MillenniumPost
Opinion

Blasting the rivers

It reflects the sorry state of affairs that the National Legal Services Authority has been constrained to institute a public interest litigation in the Supreme Court to protect our rivers from the illegal extraction of sand. Such a recourse to legal action should have been unnecessary. It was for the government to protect rivers from illegal mining. That it has failed to do so, leading to the official legal aid institution to seek the intervention of the Supreme Court, is another instance of the government's failure to do its duty and to protect the environment. Sand mining, when carried to excessive levels, becomes an  environmental issue. An excessive demand for sand, which is required in construction and other industries, placed pressure on the sources of sand and there is is over-exploitation of the resource. The government has failed to protect the rivers not because there are there are no laws or regulations to control illegal sand mining but because sand mafias have taken over the mining of the mineral. These, in connivance with cliques of government officials and politicians, operate outside the legal system for immense profits and flout the norms and orders restricting the extraction of sand from our riverbeds. Illegal and excessive sand mining, now rampant all over India, has major environmental impacts, for it adversely affects rivers, soil and forests. It effects the entire environment and impacts humans as well. There is little doubt that sand mining upturns the balance of water resources in a locality, thereby effecting irrigation. As water levels get lowered in the rivers because of sand mining, so does the groundwater, even as tanks dry up. This has an adverse effect on agriculture, and can, unless controlled, lead to avoidable food shortages, and cause hardships for the people. There is thus, an economic cost of illegal sand mining, which will only grow worse with the passage of time.

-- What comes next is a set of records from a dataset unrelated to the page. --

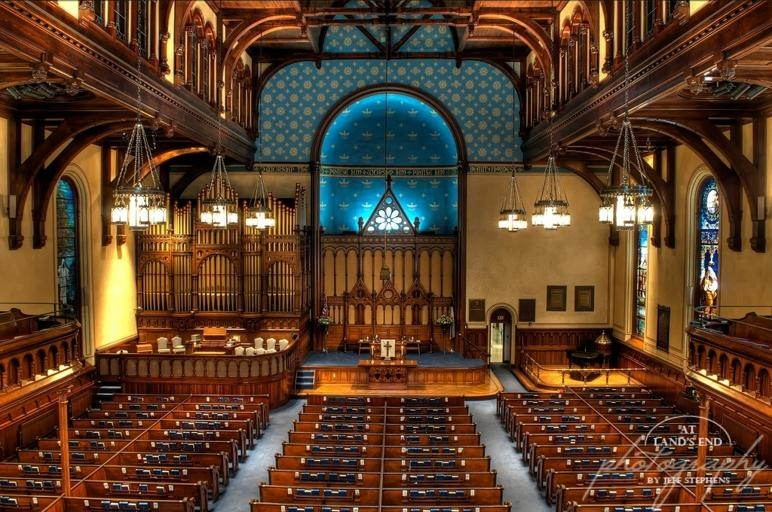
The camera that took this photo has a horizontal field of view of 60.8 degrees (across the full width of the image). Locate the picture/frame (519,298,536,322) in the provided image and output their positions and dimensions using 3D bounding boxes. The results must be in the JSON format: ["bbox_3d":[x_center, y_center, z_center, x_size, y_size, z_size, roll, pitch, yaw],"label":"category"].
[{"bbox_3d":[7.212,2.722,33.661,1.137,1.582,0.170,-1,3,2],"label":"picture/frame"}]

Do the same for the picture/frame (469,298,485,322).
[{"bbox_3d":[4.611,2.743,33.626,1.158,1.566,0.107,1,-1,-3],"label":"picture/frame"}]

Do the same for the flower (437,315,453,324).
[{"bbox_3d":[3.054,3.311,33.961,0.462,0.356,0.475,-3,3,-27],"label":"flower"}]

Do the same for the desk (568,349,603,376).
[{"bbox_3d":[9.831,5.223,32.563,1.600,0.980,2.236,-1,1,15],"label":"desk"}]

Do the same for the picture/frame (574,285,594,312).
[{"bbox_3d":[10.106,2.110,33.682,1.290,1.734,0.133,0,1,-1],"label":"picture/frame"}]

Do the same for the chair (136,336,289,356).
[{"bbox_3d":[-7.702,4.269,30.746,4.711,0.793,1.128,1,1,1],"label":"chair"}]
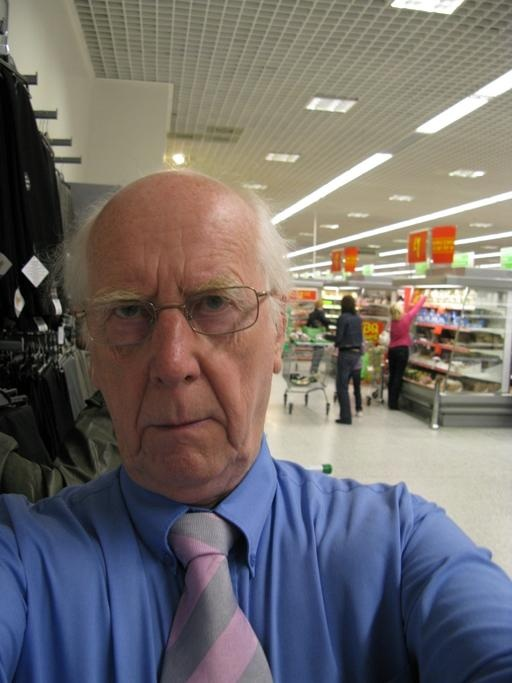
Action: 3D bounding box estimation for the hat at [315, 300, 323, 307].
[{"bbox_3d":[1.378,-0.810,10.087,0.116,0.143,0.140,-17,15,9],"label":"hat"}]
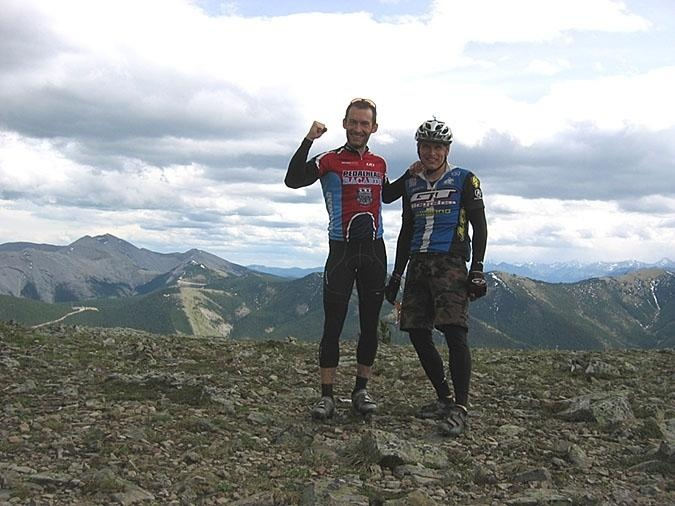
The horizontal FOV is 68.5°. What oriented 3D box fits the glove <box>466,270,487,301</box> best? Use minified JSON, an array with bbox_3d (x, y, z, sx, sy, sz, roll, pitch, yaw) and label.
[{"bbox_3d":[2.849,0.678,10.153,0.373,0.645,0.408,4,6,14],"label":"glove"}]

Excessive sand mining, in fact, actually threatens rivers with extinction, which would be an ecological disaster. There are the legitimate needs of the construction industry but rivers also have to be protected from degradation and an effort has to be made to ensure that they remain environmentally viable in the long-run. It can hardly be forgotten that human civilisations have been intrinsically bound with rivers but human development in recent times has also brought along their degradation. Yet, if rivers perish, human civilisation is imperiled. There is a strong need to import the principles of sustainable development in the management of sand mining. The government should not depend on court orders to do this. It should do it as part of its constitutionally mandated responsibility and as a duty.